Suzanne Harrington: We need to make trains sexy again
We need to re-romanticise trains for the 21st century, making them efficient, swift, desirable.
My chap and I are in different places. Geographically I mean – this isn’t about couples counselling. He lives in the capital, I live on the coast, with sixty miles of rolling green countryside and sprawling city suburbs between us.
When we want to see each other, I get on a train to the city, or he gets in his car to the coast.
Maybe you can guess who arrives in a more relaxed head space.
The moment you get on a train, you exhale. You sit back, gazing out the window at the passing landscape, idly doing a crossword, sipping a coffee, or getting a ton of work done, uninterrupted, finishing a book, whatever.

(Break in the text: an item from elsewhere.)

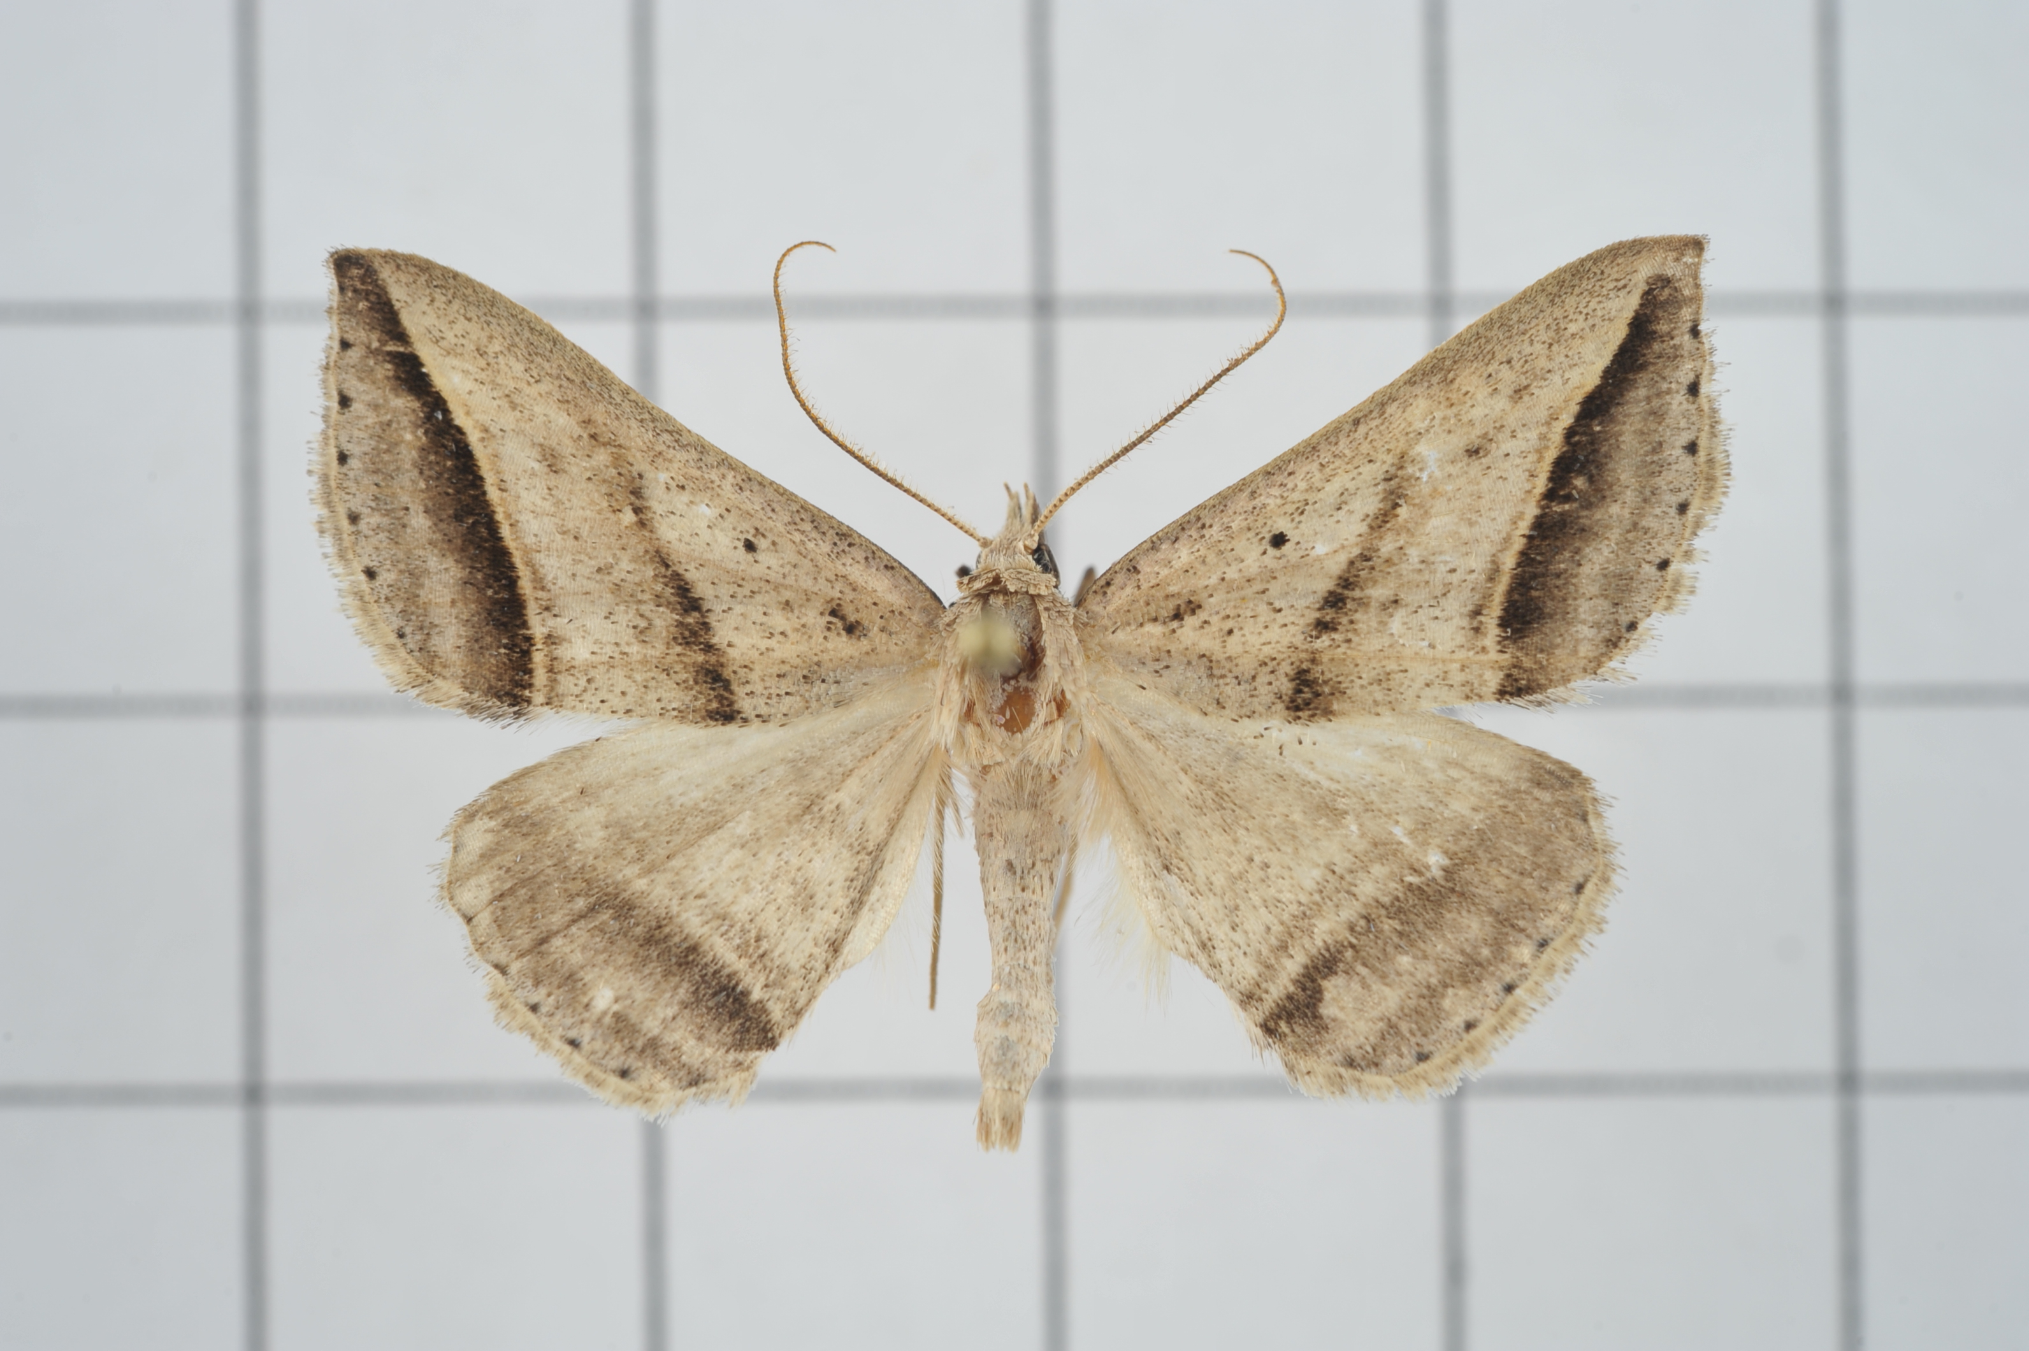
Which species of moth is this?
Blasticorhinus bifasciata

Arriving refreshed. Unlike my fella, who spends at least double the time inching forward in urban gridlock, maybe navigating a crash on the motorway that’s caused miles of tailback, before getting a speeding ticket for overcompensating after all the delays. Arriving frazzled.
But we love our cars, because we have been programmed to love our cars.

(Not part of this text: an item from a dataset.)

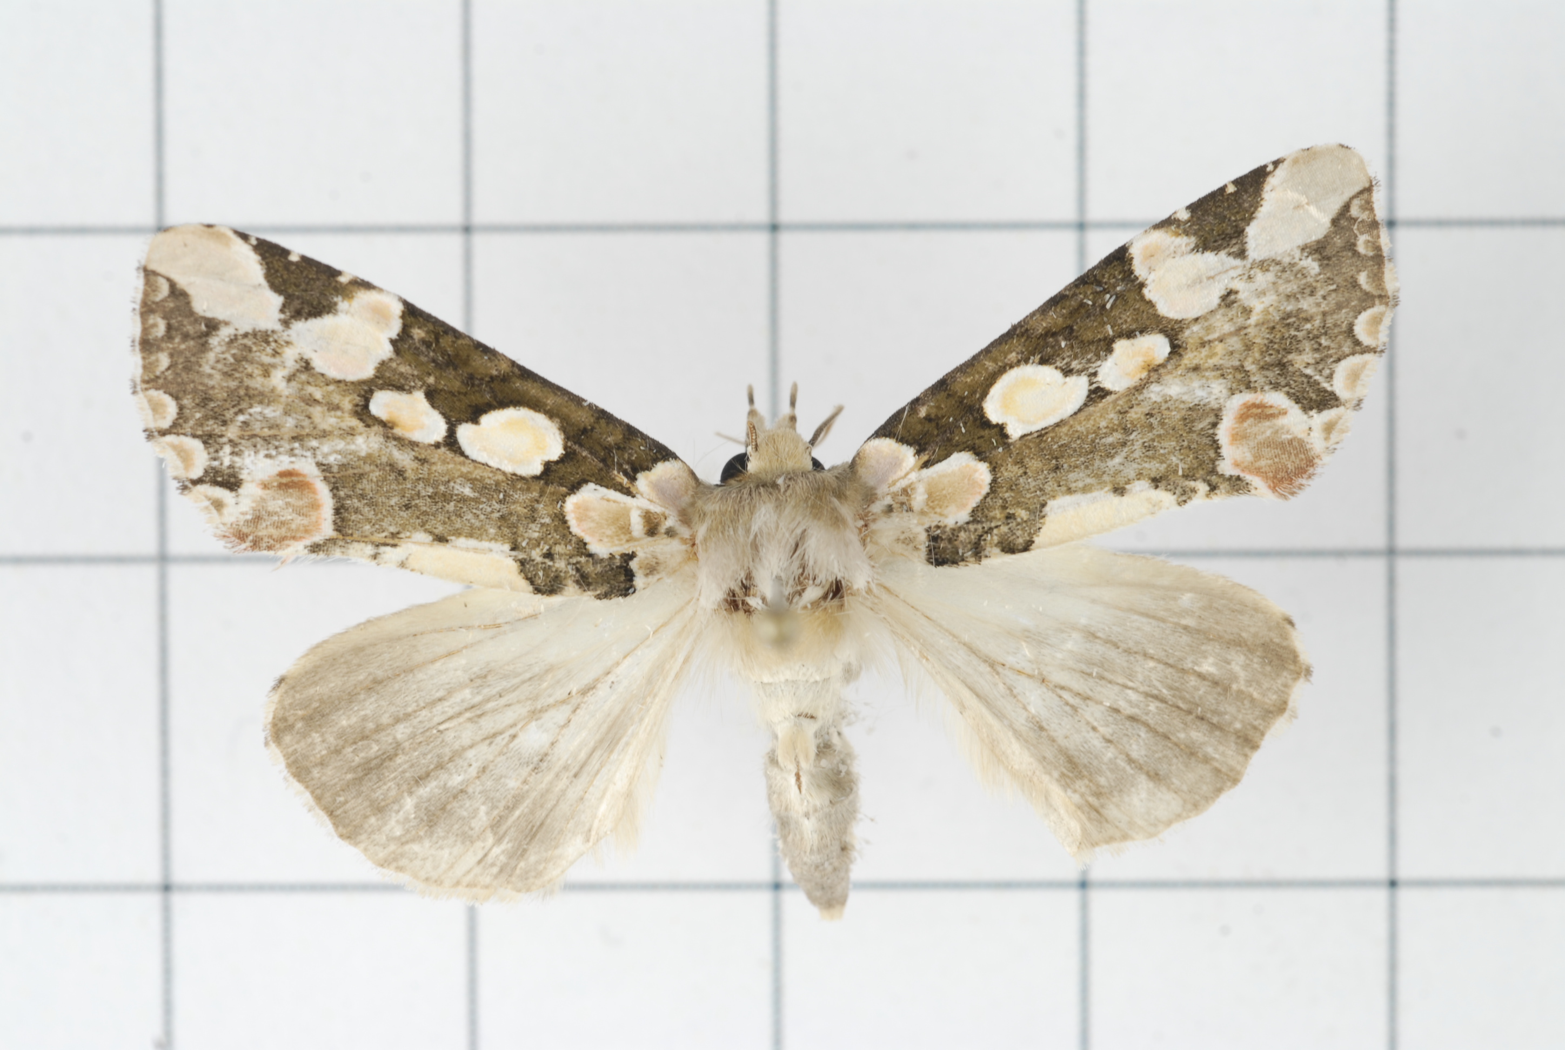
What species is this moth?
Horithyatira decorata takamukui
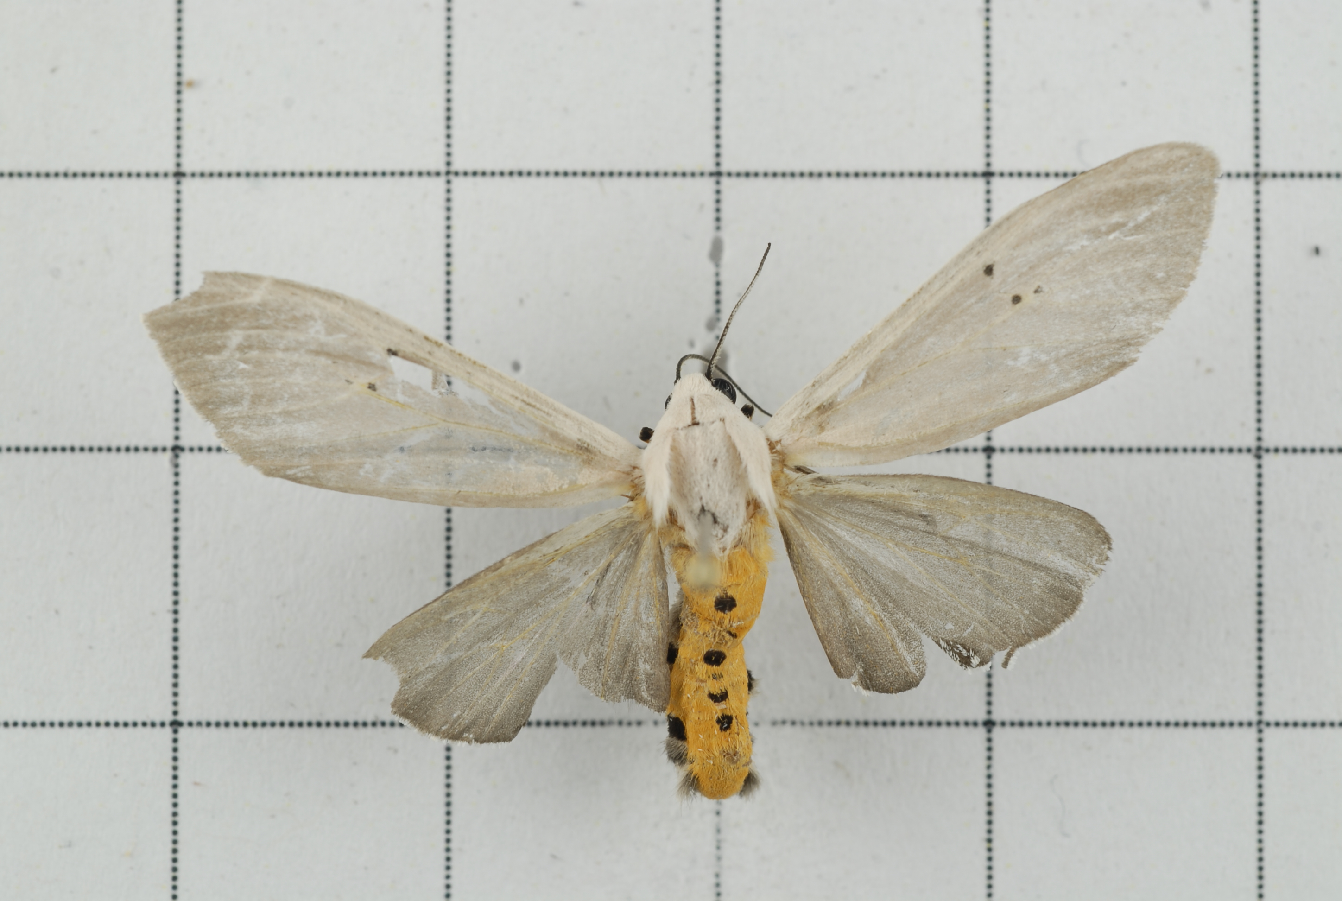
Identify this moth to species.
Creatonotos transiens koni

Car ads are always filmed in remote places where there are no other cars, rather than in the reality of sitting in traffic, fuming in all kinds of ways. Nor do we perceive ourselves as traffic - traffic is something made by other people in other cars - while we view public transport as second best, something used by poor people.
Margaret Thatcher once said that anyone taking the bus after the age of 30 was a failure; lots of us still think like this.
But how we get from A to B is changing.
In our wisdom, we replaced trains with cars, which emit 80% more greenhouse gases per kilometre, and have made Dublin the third slowest driving city in the world (10km takes 28 minutes).
We built all those new roads instead of rebuilding and reinvesting in all our old train networks. Duh.
In 1920, Ireland’s rail network criss-crossed the country for 3,500km. You could get the train to mad places like Ballybunion, Ballybrophy, Ballyhaunis. (Nope, me neither).
Today the Irish rail network, once a sprawling delta, is a dried up trickle of its former self.
Great news then that the transport minister is keen to regenerate this network, to get us back on trains.
In order to get us out of our cars, trains need to be better than cars – faster, cheaper, more comfortable, and with better Wifi.
Creating a cultural shift is not an overnight thing, and requires considerable cash input, but the alternative – sitting in traffic as the planet goes up in smoke – seems a bit daft.
We need to re-romanticise trains for the 21st century, making them efficient, swift, desirable. A developed society, one going forward in every sense, is not when all the poor people have cars, but when all the rich people use public transport. We need to make trains sexy, cars unsexy.